-- Records to use follows --

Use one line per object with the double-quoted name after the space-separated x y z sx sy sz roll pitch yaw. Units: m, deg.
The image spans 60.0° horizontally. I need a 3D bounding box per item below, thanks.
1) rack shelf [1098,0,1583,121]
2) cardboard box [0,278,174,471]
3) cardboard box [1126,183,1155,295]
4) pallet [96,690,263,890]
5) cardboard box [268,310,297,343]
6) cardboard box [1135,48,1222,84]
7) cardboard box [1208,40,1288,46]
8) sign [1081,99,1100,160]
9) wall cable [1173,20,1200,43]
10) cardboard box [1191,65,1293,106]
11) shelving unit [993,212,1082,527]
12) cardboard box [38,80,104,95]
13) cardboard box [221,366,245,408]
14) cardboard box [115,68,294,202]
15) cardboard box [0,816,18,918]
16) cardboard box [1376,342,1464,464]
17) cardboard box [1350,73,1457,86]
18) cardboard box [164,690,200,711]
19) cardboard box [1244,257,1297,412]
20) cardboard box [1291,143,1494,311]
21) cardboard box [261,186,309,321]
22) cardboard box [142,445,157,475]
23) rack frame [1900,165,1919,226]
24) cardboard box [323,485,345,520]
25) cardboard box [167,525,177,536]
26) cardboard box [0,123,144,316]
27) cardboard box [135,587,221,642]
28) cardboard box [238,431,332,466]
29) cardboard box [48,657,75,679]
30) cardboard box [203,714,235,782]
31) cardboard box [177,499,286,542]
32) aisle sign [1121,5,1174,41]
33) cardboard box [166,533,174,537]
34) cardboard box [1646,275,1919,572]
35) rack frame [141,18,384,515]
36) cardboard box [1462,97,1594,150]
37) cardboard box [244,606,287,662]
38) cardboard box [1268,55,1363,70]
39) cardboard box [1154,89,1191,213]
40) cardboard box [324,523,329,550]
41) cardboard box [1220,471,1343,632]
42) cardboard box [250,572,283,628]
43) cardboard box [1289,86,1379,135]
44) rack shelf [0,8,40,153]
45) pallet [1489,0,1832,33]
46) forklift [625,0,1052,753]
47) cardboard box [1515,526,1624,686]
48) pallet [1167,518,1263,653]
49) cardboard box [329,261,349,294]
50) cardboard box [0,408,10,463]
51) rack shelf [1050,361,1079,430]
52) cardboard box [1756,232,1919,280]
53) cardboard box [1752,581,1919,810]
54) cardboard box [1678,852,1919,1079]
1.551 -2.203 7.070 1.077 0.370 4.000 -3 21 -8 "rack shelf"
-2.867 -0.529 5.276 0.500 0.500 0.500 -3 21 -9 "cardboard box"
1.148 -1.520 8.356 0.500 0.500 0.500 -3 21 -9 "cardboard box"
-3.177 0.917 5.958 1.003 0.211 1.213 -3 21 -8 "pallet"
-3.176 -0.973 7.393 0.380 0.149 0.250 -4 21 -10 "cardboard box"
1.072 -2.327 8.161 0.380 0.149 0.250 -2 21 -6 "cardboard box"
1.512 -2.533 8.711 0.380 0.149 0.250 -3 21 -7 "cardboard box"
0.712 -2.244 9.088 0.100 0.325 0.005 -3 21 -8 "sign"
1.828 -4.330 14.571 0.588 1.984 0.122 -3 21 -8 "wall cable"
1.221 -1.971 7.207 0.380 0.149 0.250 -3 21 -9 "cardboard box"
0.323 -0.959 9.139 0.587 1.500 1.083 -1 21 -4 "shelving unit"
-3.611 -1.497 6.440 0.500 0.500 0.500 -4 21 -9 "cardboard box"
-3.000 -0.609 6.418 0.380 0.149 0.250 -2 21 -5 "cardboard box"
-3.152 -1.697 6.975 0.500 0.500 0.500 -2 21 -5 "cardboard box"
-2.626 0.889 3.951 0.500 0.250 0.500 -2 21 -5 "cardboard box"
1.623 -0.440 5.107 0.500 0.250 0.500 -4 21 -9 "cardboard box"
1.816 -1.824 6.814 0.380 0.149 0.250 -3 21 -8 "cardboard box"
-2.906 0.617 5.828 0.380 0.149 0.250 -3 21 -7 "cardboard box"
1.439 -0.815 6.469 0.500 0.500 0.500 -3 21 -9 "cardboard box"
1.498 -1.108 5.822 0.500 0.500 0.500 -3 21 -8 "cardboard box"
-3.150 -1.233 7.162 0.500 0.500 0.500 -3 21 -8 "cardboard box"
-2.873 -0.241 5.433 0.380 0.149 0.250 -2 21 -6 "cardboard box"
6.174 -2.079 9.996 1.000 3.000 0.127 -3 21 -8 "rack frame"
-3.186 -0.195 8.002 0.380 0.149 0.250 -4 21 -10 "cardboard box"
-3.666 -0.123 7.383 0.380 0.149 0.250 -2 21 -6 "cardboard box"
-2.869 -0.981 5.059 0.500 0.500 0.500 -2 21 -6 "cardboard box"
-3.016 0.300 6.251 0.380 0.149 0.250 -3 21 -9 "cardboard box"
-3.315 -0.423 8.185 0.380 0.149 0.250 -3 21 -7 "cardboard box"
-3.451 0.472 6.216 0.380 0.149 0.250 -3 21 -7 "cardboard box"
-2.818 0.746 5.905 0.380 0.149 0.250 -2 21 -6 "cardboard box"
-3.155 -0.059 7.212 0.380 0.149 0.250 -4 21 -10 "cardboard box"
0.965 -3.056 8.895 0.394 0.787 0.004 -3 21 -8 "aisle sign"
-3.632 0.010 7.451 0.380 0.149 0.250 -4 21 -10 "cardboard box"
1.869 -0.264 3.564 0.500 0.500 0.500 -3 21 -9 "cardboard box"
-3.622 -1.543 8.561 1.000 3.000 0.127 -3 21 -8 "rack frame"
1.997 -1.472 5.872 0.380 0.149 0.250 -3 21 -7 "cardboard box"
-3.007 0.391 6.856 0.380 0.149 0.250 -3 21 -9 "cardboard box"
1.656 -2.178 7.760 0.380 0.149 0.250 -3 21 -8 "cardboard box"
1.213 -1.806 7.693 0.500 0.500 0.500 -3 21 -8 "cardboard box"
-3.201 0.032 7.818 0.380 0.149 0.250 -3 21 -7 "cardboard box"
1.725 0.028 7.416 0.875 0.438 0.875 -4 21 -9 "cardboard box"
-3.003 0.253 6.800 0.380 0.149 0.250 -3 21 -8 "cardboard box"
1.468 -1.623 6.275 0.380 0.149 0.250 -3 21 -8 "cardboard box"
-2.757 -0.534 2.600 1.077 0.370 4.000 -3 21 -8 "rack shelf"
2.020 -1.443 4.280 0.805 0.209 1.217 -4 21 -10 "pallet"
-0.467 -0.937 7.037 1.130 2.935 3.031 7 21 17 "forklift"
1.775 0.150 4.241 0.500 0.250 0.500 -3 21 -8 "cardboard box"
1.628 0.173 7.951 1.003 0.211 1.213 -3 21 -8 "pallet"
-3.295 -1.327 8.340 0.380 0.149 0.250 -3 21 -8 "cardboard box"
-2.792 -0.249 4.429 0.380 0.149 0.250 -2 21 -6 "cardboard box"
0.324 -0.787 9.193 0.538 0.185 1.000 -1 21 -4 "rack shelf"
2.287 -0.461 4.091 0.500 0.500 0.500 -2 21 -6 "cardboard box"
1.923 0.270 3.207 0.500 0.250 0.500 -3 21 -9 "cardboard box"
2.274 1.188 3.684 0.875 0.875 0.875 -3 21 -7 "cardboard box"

-- Records to use concluded --
-- Records to use follows --

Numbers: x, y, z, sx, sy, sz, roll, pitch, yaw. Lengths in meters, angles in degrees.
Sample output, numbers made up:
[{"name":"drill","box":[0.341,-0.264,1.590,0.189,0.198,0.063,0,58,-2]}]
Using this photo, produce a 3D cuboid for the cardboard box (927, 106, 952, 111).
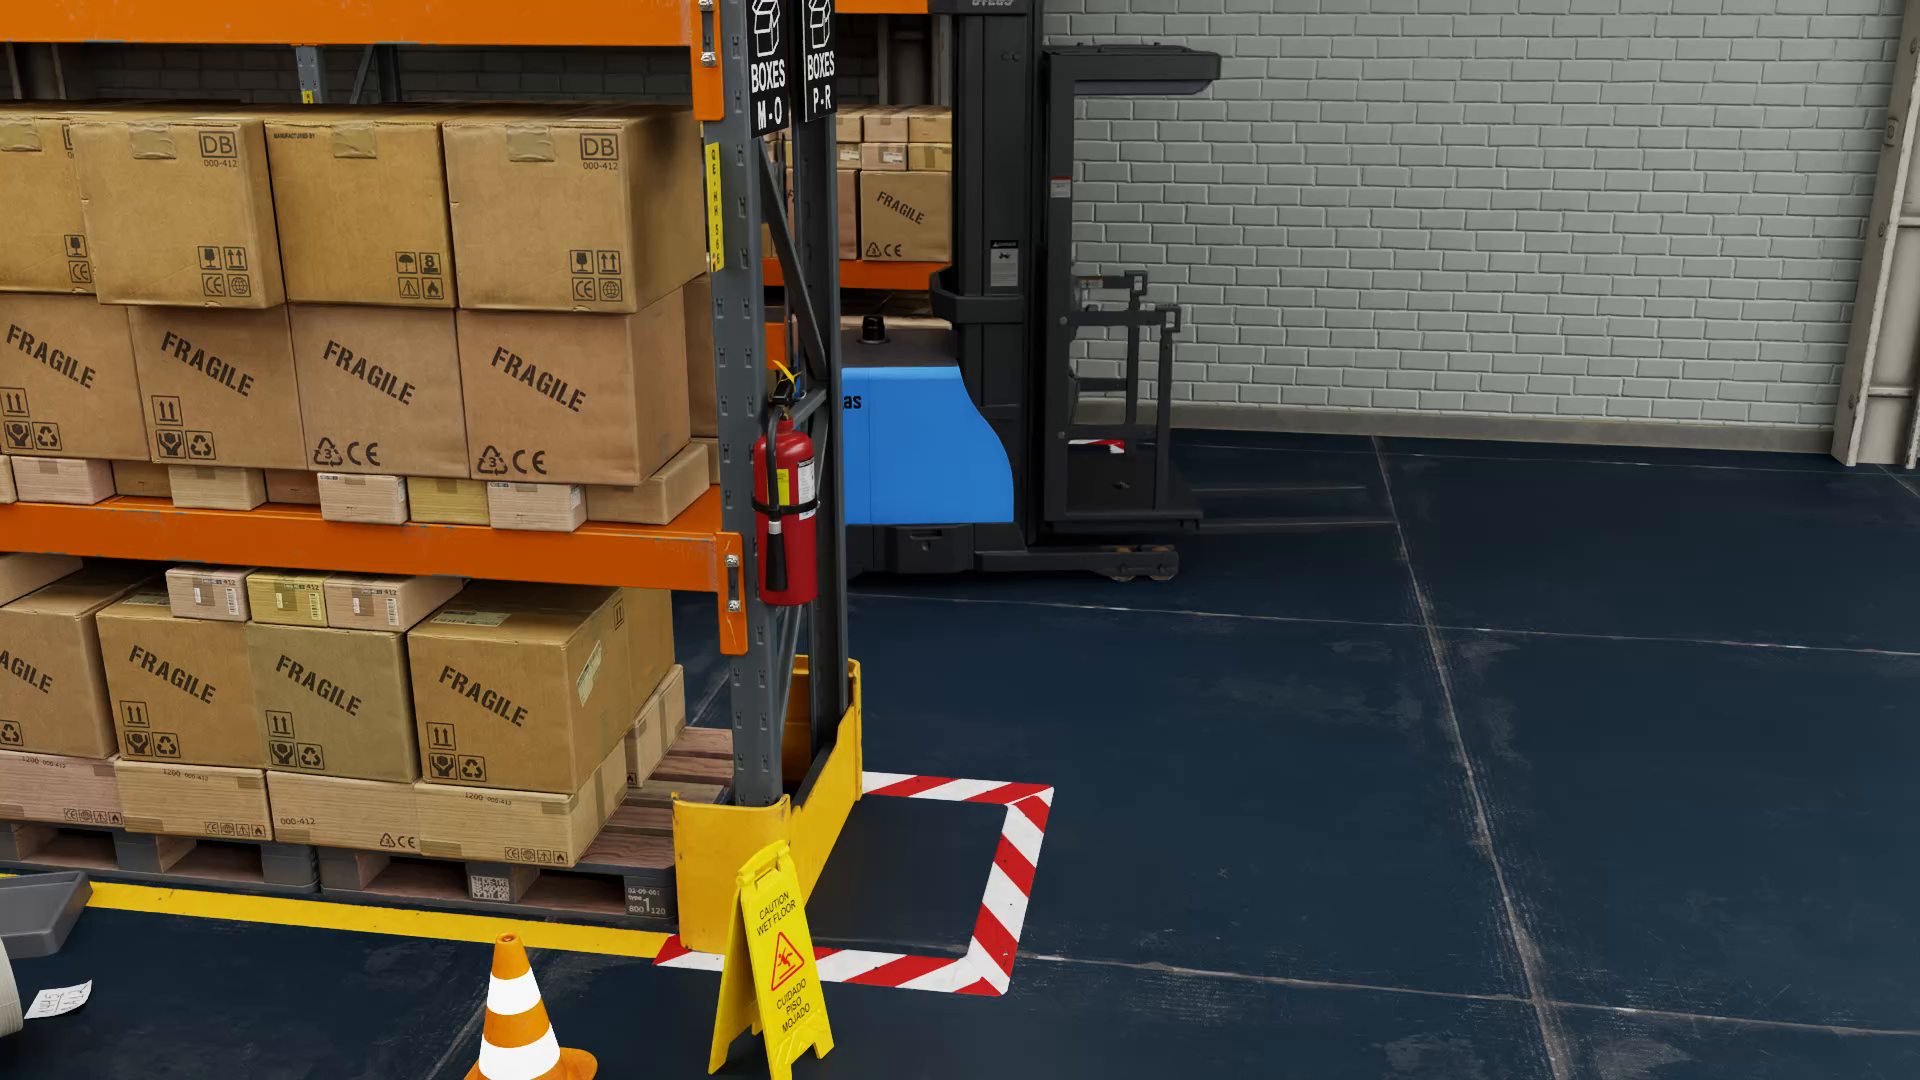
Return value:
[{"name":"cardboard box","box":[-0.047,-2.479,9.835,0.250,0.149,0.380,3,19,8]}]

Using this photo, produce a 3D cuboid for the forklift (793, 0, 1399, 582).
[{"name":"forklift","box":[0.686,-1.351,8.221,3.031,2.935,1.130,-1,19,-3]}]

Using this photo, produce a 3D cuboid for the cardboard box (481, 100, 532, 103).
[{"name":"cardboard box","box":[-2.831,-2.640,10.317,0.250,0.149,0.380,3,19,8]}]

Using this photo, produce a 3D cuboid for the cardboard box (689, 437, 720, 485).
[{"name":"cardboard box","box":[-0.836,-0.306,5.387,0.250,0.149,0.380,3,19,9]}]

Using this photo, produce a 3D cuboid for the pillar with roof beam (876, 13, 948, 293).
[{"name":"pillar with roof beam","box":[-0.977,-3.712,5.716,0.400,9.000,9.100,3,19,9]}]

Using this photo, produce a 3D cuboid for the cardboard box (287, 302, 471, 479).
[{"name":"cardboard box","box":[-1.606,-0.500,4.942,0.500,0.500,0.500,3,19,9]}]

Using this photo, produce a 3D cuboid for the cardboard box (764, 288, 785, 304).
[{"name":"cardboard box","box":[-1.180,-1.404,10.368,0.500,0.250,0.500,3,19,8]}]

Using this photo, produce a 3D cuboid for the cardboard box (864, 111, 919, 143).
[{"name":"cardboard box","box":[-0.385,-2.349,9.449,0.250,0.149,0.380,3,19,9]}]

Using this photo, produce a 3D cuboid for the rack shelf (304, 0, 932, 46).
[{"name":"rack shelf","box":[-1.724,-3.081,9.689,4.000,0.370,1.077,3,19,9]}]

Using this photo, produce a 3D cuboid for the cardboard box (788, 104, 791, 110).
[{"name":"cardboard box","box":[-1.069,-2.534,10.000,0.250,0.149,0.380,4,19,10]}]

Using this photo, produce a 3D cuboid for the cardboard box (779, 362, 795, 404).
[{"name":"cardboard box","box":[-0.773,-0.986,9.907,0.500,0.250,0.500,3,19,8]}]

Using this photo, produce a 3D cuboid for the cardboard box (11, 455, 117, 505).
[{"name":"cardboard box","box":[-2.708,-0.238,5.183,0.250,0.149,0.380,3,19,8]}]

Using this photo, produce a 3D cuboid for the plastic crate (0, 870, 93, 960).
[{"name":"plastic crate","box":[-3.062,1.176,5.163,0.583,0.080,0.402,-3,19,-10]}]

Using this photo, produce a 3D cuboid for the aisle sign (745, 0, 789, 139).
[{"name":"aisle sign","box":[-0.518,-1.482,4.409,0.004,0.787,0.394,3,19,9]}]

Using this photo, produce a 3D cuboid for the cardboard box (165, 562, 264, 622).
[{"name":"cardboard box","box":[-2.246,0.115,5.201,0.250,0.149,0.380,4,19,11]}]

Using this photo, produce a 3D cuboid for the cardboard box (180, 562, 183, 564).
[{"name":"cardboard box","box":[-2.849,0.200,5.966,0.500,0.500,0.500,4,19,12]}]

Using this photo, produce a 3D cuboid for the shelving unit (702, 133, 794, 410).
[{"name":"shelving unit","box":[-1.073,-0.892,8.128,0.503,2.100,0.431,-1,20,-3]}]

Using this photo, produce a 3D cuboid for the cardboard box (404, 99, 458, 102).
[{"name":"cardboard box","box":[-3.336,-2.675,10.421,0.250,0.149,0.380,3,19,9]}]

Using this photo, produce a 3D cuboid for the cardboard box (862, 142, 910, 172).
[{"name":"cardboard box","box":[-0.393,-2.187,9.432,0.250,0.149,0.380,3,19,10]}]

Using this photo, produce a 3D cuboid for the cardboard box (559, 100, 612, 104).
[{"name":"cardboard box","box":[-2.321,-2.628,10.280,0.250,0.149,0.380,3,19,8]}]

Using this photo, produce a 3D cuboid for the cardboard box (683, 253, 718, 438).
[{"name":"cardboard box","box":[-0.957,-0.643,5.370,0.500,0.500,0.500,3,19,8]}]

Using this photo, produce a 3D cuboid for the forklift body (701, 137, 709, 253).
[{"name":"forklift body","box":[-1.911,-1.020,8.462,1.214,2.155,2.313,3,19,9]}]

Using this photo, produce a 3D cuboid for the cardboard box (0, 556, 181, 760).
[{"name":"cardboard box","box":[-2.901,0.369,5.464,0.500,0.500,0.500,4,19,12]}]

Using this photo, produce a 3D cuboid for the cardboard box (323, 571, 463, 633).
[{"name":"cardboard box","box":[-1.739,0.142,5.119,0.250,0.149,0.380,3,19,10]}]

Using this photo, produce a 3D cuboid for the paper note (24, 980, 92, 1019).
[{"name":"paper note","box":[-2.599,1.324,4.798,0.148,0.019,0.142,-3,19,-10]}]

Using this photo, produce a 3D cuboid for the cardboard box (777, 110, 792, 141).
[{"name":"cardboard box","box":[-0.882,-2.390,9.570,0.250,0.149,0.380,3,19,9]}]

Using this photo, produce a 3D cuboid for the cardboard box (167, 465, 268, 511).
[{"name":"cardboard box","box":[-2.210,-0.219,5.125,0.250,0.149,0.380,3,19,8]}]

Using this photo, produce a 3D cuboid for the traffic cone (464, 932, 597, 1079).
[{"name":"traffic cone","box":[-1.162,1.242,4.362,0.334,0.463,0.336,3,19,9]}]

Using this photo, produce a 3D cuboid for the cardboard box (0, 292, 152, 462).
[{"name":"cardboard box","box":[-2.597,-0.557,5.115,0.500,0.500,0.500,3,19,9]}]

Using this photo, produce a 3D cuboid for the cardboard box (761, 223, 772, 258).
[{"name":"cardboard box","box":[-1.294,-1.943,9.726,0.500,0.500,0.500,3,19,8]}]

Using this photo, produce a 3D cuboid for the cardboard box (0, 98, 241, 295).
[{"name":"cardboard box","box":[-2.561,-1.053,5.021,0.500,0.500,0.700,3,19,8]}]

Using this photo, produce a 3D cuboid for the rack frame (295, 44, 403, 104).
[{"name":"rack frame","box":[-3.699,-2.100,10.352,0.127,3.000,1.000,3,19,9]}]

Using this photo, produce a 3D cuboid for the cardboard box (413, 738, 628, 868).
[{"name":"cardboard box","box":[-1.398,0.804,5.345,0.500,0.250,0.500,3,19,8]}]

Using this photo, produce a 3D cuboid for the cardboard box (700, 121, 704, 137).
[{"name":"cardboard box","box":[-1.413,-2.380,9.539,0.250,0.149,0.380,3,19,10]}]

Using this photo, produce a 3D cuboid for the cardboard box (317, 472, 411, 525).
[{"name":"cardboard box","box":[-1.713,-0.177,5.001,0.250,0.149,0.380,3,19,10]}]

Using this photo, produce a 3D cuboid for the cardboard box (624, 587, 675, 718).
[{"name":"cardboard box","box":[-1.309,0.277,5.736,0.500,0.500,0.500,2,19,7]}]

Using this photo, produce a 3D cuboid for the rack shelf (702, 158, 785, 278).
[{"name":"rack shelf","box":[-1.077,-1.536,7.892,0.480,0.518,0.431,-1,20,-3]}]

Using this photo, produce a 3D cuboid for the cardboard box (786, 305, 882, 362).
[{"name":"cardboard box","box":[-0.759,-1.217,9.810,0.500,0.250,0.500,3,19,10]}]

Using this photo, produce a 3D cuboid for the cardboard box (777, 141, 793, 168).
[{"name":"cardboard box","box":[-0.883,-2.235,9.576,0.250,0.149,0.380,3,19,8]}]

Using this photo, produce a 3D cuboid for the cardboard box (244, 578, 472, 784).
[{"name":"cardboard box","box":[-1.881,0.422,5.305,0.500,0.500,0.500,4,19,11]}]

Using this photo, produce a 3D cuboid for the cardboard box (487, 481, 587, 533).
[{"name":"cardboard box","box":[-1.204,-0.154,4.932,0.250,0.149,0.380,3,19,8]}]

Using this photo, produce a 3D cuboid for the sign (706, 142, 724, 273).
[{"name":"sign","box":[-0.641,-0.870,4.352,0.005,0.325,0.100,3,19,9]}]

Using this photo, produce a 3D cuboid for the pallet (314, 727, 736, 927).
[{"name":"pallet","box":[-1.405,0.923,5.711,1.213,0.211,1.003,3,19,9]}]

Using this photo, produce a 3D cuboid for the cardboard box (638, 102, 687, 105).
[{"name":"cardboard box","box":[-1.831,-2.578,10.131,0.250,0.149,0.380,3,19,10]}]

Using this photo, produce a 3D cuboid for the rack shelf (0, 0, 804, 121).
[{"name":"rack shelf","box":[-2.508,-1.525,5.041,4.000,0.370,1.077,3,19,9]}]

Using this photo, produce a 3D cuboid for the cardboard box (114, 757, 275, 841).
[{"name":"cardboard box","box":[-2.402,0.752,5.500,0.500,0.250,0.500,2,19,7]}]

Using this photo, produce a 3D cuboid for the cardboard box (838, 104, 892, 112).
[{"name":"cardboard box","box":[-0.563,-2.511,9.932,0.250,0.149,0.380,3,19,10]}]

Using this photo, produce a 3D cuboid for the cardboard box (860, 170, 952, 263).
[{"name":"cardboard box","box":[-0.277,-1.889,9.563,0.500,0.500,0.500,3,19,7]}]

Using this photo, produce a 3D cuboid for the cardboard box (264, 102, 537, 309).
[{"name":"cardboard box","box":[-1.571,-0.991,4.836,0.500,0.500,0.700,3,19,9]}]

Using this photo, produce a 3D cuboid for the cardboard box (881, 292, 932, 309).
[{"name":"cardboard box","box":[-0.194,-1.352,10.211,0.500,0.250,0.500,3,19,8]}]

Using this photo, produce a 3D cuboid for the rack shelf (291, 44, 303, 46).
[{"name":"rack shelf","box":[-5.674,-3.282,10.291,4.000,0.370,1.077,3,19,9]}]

-- Records to use concluded --

Required work:
Looking at the data above, show all lines where the word "roll" occurs.

Exercise solution:
Use one line per object with the double-quoted name after the space-separated x y z sx sy sz roll pitch yaw. Units: m, deg.
Numbers: x, y, z, sx, sy, sz, roll, pitch, yaw. Lengths in meters, angles in degrees.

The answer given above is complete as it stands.